Task item: Nothing but the lines holding the string "years" should appear in the answer. Copy them from the entries.

Supplied data:

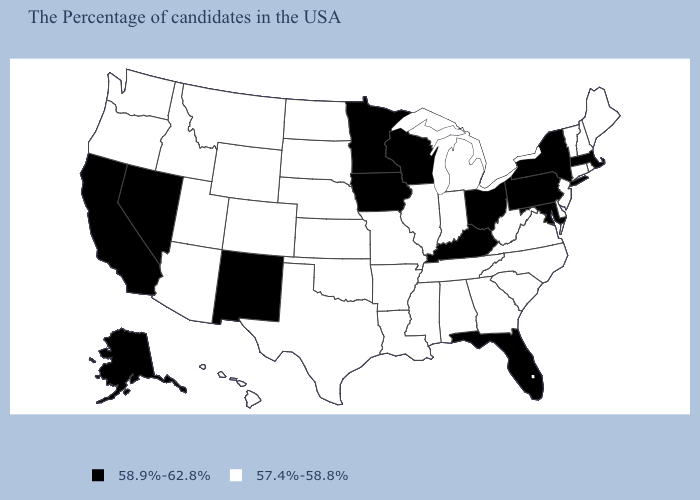What is the value of Nevada?
Answer briefly. 58.9%-62.8%. Does Florida have a lower value than Colorado?
Write a very short answer. No. Name the states that have a value in the range 57.4%-58.8%?
Concise answer only. Maine, Rhode Island, New Hampshire, Vermont, Connecticut, New Jersey, Delaware, Virginia, North Carolina, South Carolina, West Virginia, Georgia, Michigan, Indiana, Alabama, Tennessee, Illinois, Mississippi, Louisiana, Missouri, Arkansas, Kansas, Nebraska, Oklahoma, Texas, South Dakota, North Dakota, Wyoming, Colorado, Utah, Montana, Arizona, Idaho, Washington, Oregon, Hawaii. Name the states that have a value in the range 58.9%-62.8%?
Quick response, please. Massachusetts, New York, Maryland, Pennsylvania, Ohio, Florida, Kentucky, Wisconsin, Minnesota, Iowa, New Mexico, Nevada, California, Alaska. What is the value of Indiana?
Answer briefly. 57.4%-58.8%. Name the states that have a value in the range 57.4%-58.8%?
Answer briefly. Maine, Rhode Island, New Hampshire, Vermont, Connecticut, New Jersey, Delaware, Virginia, North Carolina, South Carolina, West Virginia, Georgia, Michigan, Indiana, Alabama, Tennessee, Illinois, Mississippi, Louisiana, Missouri, Arkansas, Kansas, Nebraska, Oklahoma, Texas, South Dakota, North Dakota, Wyoming, Colorado, Utah, Montana, Arizona, Idaho, Washington, Oregon, Hawaii. Name the states that have a value in the range 57.4%-58.8%?
Keep it brief. Maine, Rhode Island, New Hampshire, Vermont, Connecticut, New Jersey, Delaware, Virginia, North Carolina, South Carolina, West Virginia, Georgia, Michigan, Indiana, Alabama, Tennessee, Illinois, Mississippi, Louisiana, Missouri, Arkansas, Kansas, Nebraska, Oklahoma, Texas, South Dakota, North Dakota, Wyoming, Colorado, Utah, Montana, Arizona, Idaho, Washington, Oregon, Hawaii. Is the legend a continuous bar?
Quick response, please. No. What is the highest value in the Northeast ?
Concise answer only. 58.9%-62.8%. What is the value of Nebraska?
Give a very brief answer. 57.4%-58.8%. What is the value of Ohio?
Short answer required. 58.9%-62.8%. Does Wisconsin have the lowest value in the USA?
Be succinct. No. What is the highest value in the USA?
Be succinct. 58.9%-62.8%. What is the value of Washington?
Write a very short answer. 57.4%-58.8%. 
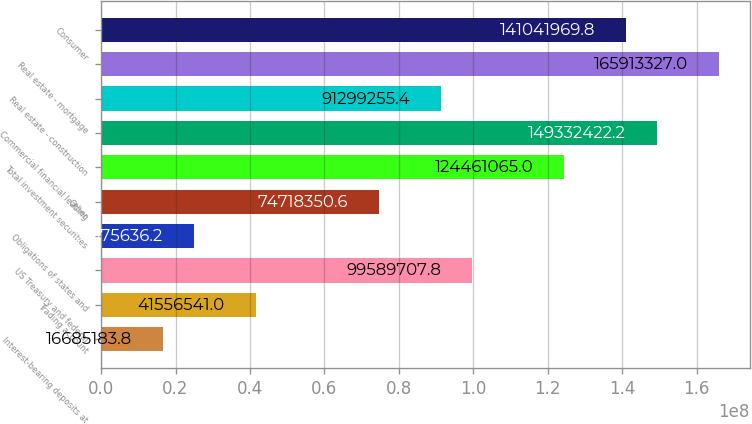Convert chart. <chart><loc_0><loc_0><loc_500><loc_500><bar_chart><fcel>Interest-bearing deposits at<fcel>Trading account<fcel>US Treasury and federal<fcel>Obligations of states and<fcel>Other<fcel>Total investment securities<fcel>Commercial financial leasing<fcel>Real estate - construction<fcel>Real estate - mortgage<fcel>Consumer<nl><fcel>1.66852e+07<fcel>4.15565e+07<fcel>9.95897e+07<fcel>2.49756e+07<fcel>7.47184e+07<fcel>1.24461e+08<fcel>1.49332e+08<fcel>9.12993e+07<fcel>1.65913e+08<fcel>1.41042e+08<nl></chart> 
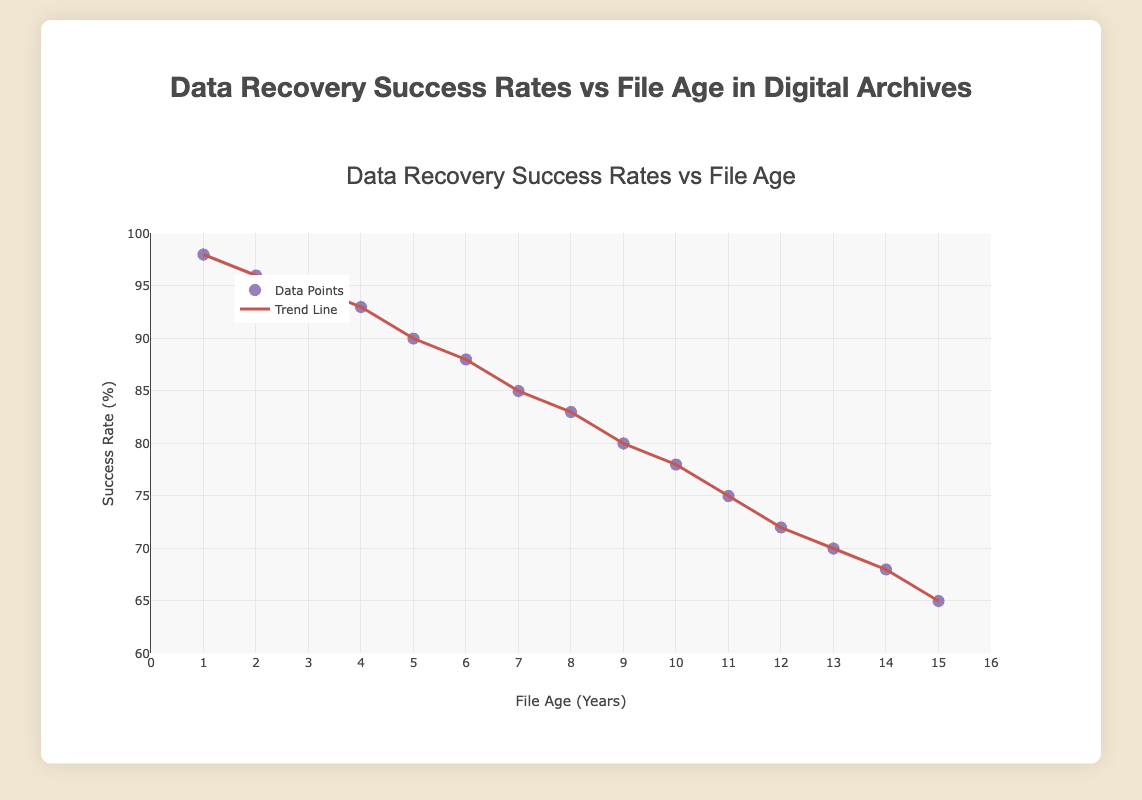What is the title of the plot? The plot title is displayed at the top center of the figure and is "Data Recovery Success Rates vs File Age".
Answer: Data Recovery Success Rates vs File Age What is the success rate for files aged 10 years? Look at the data point corresponding to 10 years on the x-axis and find the y-axis value, which is 78%.
Answer: 78% How many data points are displayed in the plot? Each file age from 1 to 15 years has a data point, counted by the number of file ages on the x-axis.
Answer: 15 What is the general trend of the data recovery success rate as file age increases? Observe the trend line, which shows a downward slope indicating that the success rate generally decreases as file age increases.
Answer: Decreases Which file age has the highest data recovery success rate and what is that rate? The first point on the x-axis (1 year) corresponds to the highest value on the y-axis, which is 98%.
Answer: 1 year, 98% What is the approximate success rate for files aged 7 years? Locate the point corresponding to 7 years on the x-axis and find its y-axis value, which is approximately 85%.
Answer: 85% How does the success rate for files aged 5 years compare to that for files aged 12 years? Find the success rates for file ages 5 years and 12 years on the y-axis, which are 90% and 72% respectively. The success rate for files aged 5 years is higher.
Answer: 5 years is higher What is the trend line's impact on interpreting the data recovery rates? The trend line helps illustrate the overall declining trend of success rates as file age increases, smoothing out individual data point variations.
Answer: Shows an overall decline What is the range of the y-axis? The y-axis starts at 60% and goes up to 100%, clearly labeled on the axis.
Answer: 60% to 100% What is the difference in success rate between files aged 2 years and files aged 14 years? Find the success rates for 2 years (96%) and 14 years (68%), then calculate the difference, which is 96% - 68% = 28%.
Answer: 28% 
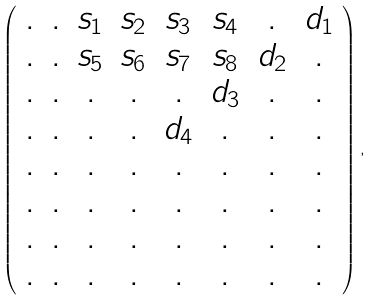Convert formula to latex. <formula><loc_0><loc_0><loc_500><loc_500>\left ( \begin{array} { c c c c c c c c } . & . & s _ { 1 } & s _ { 2 } & s _ { 3 } & s _ { 4 } & . & d _ { 1 } \\ . & . & s _ { 5 } & s _ { 6 } & s _ { 7 } & s _ { 8 } & d _ { 2 } & . \\ . & . & . & . & . & d _ { 3 } & . & . \\ . & . & . & . & d _ { 4 } & . & . & . \\ . & . & . & . & . & . & . & . \\ . & . & . & . & . & . & . & . \\ . & . & . & . & . & . & . & . \\ . & . & . & . & . & . & . & . \end{array} \right ) ,</formula> 
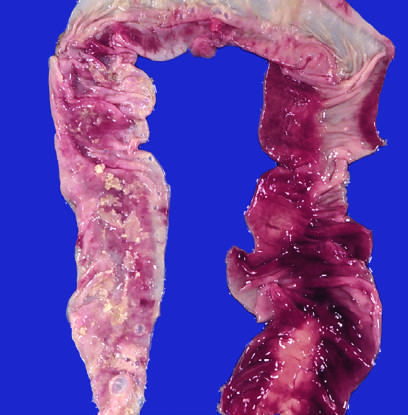what corresponds to areas of hemorrhagic infarction and transmural necrosis?
Answer the question using a single word or phrase. The congested portion of the ileum

Response to the task:
Answer: Data Recovery Success Rates vs File Age What is the success rate for files aged 10 years? Look at the data point corresponding to 10 years on the x-axis and find the y-axis value, which is 78%.
Answer: 78% How many data points are displayed in the plot? Each file age from 1 to 15 years has a data point, counted by the number of file ages on the x-axis.
Answer: 1 year, 98% What is the approximate success rate for files aged 7 years? Locate the point corresponding to 7 years on the x-axis and find its y-axis value, which is approximately 85%.
Answer: 85% How does the success rate for files aged 5 years compare to that for files aged 12 years? Find the success rates for file ages 5 years and 12 years on the y-axis, which are 90% and 72% respectively. The success rate for files aged 5 years is higher.
Answer: 5 years is higher What is the trend line's impact on interpreting the data recovery rates? The trend line helps illustrate the overall declining trend of success rates as file age increases, smoothing out individual data point variations.
Answer: 60% to 100% What is the difference in success rate between files aged 2 years and files aged 14 years? Find the success rates for 2 years (96%) and 14 years (68%), then calculate the difference, which is 96% - 68% = 28%.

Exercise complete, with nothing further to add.